UNITED STATES DISTRICT COURT FOR THE DISTRICT OF HAWAII
Apr 14, 2016
Criminal No. 94-02233 HG-1 (D. Haw. Apr. 14, 2016)

Summary

discussing a district court's ability to refer a second or successive petition to the court of appeals

Summary of this case from United States v. Long

Opinion

Criminal No. 94-02233 HG-1 Civil No. 16-00149 HG

04-14-2016

WADE T. RODRIGUES, Petitioner, v. UNITED STATES OF AMERICA, Respondent.


ORDER GRANTING PETITIONER WADE T. RODRIGUES' MOTION TO REFER THIS MATTER TO THE NINTH CIRCUIT FOR §2255(h) CERTIFICATION

On March 29, 2016, Petitioner Wade T. Rodrigues filed a MOTION UNDER 28 U.S.C. § 2255 TO VACATE, SET ASIDE, OR CORRECT SENTENCE BY A PERSON IN FEDERAL CUSTODY. (ECF No. 130). He previously filed a Section 2255 habeas motion in 2001, which the Court denied on the merits.

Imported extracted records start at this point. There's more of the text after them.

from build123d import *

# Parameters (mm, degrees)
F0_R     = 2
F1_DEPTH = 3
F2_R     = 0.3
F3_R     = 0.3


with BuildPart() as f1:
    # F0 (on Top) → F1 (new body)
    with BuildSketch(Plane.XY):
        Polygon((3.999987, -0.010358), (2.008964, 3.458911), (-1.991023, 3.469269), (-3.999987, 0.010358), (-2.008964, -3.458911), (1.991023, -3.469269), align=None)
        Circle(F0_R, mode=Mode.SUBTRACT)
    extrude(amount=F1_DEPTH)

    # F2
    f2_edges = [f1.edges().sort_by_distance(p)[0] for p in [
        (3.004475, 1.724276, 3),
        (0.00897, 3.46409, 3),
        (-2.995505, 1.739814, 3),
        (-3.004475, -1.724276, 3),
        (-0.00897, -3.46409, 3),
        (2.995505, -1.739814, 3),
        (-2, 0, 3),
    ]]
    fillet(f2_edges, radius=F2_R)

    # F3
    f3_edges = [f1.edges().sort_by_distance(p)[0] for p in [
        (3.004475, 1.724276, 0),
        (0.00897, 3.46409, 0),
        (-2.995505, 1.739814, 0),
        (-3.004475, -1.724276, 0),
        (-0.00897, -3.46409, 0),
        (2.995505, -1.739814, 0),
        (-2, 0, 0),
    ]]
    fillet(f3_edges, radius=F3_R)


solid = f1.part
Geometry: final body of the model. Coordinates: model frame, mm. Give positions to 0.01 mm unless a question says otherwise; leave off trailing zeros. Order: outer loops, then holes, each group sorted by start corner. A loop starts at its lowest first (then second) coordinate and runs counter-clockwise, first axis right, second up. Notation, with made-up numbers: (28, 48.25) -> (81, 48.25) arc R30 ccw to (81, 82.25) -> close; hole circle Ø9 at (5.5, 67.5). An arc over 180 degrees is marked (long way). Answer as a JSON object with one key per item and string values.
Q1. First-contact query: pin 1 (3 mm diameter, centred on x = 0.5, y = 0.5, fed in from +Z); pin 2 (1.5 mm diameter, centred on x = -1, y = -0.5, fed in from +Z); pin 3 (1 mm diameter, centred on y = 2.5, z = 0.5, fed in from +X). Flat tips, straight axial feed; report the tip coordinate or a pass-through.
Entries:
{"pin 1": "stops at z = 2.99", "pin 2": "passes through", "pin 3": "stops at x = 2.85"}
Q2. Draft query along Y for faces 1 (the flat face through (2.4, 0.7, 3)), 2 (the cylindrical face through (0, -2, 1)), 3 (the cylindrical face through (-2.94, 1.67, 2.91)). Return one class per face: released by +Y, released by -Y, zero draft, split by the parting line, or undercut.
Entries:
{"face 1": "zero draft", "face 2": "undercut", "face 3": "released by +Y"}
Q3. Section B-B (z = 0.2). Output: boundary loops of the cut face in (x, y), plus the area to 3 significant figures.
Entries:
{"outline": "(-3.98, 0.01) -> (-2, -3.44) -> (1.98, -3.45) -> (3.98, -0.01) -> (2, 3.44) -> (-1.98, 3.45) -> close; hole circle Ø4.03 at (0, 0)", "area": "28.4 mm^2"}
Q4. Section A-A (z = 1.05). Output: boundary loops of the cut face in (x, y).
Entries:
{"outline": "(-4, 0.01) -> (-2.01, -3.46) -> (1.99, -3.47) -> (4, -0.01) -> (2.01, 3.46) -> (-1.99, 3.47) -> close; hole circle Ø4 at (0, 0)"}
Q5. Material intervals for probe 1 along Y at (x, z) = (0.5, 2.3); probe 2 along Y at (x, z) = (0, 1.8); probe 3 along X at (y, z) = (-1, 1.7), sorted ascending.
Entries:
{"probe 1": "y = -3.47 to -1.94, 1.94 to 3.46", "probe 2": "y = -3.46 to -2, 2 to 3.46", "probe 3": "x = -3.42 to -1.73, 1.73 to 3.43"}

The current Section 2255 Motion claims that Petitioner's sentence is unconstitutional pursuant to the Supreme Court's decisions in Johnson v. United States, 135 S.Ct. 2551 (2015) and Descamps v. United States, 133 S.Ct. 2276 (2013).

The Court finds that the current Section 2255 Motion is a "second or successive" petition that requires certification from the Ninth Circuit Court of Appeals before this Court may assert jurisdiction.

BACKGROUND

On November 17, 1994, the grand jury returned an Indictment charging Petitioner Wade T. Rodrigues ("Petitioner") as follows:

Count 1: being a felon in possession of a firearm in violation of 18 U.S.C. § 922(g)(1);

Count 2: being a felon in possession of ammunition in violation of 18 U.S.C. § 922(g)(1);

Count 3: being over the age of eighteen and knowingly and intentionally attempting to distribute a quantity of methamphetamine to a person under the age of twenty-one in violation of 21 U.S.C. §§ 841(a)(1) 846, 859;

Count 4: knowingly using and carrying a firearm during and in relation to a drug trafficking crime in violation of 18 U.S.C. § 924(c)(1);

Count 5: knowingly and intentionally possessing a quantity of cocaine in violation of 21 U.S.C. § 844(a);

Count 6: being an unlawful user of a controlled substance and knowingly possessing a firearm in violation of 18 U.S.C. § 922(g)(3).

(Indictment, ECF No. 1).

On March 23, 1995, after a jury trial, Petitioner was found guilty as to Counts 1, 2, 3, 4, and 5 in the Indictment, and a mistrial was rendered as to Count 6. (Verdict, ECF No. 77).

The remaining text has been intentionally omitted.